Network down sometimes when deploying/updating a stack

Hi

We ran into a quite weird problem two weeks ago. One week before, we rebuilt our three node swarm (all managers) and installed 18.09.9 (unfortunately we couldn’t install the most current version yet). The initial deployment of our workload went perfectly fine. Most of them have one app and one database service, around 30 stacks.

Then, two week ago, a colleague had to deploy an updated image used by one of the existing stacks (we use Jenkins to deploy them). Right after the deployment stage started (simple docker deploy command), all the network connections from external to any container running on the swarm went down. The entry point for all the network traffic to the stacks is a HAProxy container running on each of the nodes. After around 10 minutes it recovered itself. Few minutes later, he started another deployment of the same stack, and the same thing happened again. As it is a production swarm, we couldn’t play around more there. The HAProxy containers were running all the time and didn’t restart.

But then we faced the same problem on our test swarm running 18.09.0 (and a different kernel version, RHEL7 btw.).
The bad thing is, that we couldn’t find a way to reproduce it. No matter what we do, most of the times it works just fine.

Some days ago, I updated our Jenkins image on the test swarm (docker service update --image …) on the command line and all the network connections went down again. Couldn’t access any of the services from external. The containers were still running and SSH to the node itself was fine. 10 minutes later, everything was fine again.

The only interesting log messages we see is the following:

Oct  1 11:26:32 server01 kernel: IPVS: rr: FWM 4100 0x00001004 - no destination available
Oct  1 11:26:32 server01 kernel: IPVS: rr: FWM 4100 0x00001004 - no destination available
Oct  1 11:26:33 server01 kernel: IPVS: rr: FWM 4100 0x00001004 - no destination available
Oct  1 11:26:33 server01 kernel: IPVS: rr: FWM 4100 0x00001004 - no destination available
Oct  1 11:26:35 server01 kernel: IPVS: rr: FWM 4100 0x00001004 - no destination available

But these also show up when the deployment worked without the network issue.
Aside from these messages, there is absolutely nothing which would give a hint. No logs from HAProxy, Docker or the running applications. The network is just dead for around 10 minutes and then back again. Total weird.

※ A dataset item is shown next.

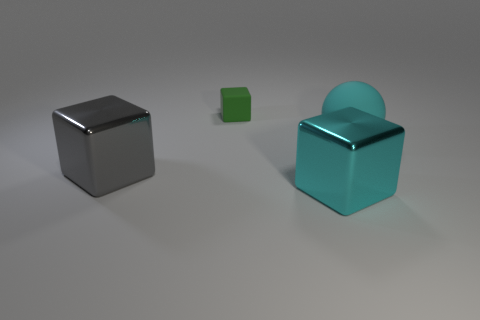Add 1 big purple metallic cylinders. How many objects exist? 5 Subtract all cubes. How many objects are left? 1 Subtract all cyan rubber objects. Subtract all cyan cubes. How many objects are left? 2 Add 1 small rubber objects. How many small rubber objects are left? 2 Add 1 large yellow rubber spheres. How many large yellow rubber spheres exist? 1 Subtract 0 yellow balls. How many objects are left? 4

Any help is appreciated, as I’m quite out of ideas…

Thank you
Urs

1 Like

Mystery solved…
At the end it was our HAProxy creating an infinite loop as soon as a backend went down.
Seems that DNS handling of Docker and/or HAProxy has changed over time. We never had this problem within the last two years with very similar configurations.
We now prevented the loop by improving the check of the backend hosts.

Have same problem with host in hosting,
some times all containers on the host are down/restart

and similar in log
sudo journalctl -k | grep “IPVS”
Jan 10 17:27:18 speech kernel: IPVS: rr: FWM 47197 0x0000B85D - no destination available
Jan 10 17:27:23 speech kernel: IPVS: rr: FWM 47196 0x0000B85C - no destination available
Jan 13 17:44:57 speech kernel: IPVS: rr: FWM 43824 0x0000AB30 - no destination available
Jan 13 17:44:58 speech kernel: IPVS: rr: FWM 43824 0x0000AB30 - no destination available

Same problem. Strangely, 2AM all the connections to a swarm cluster running a database is dropped.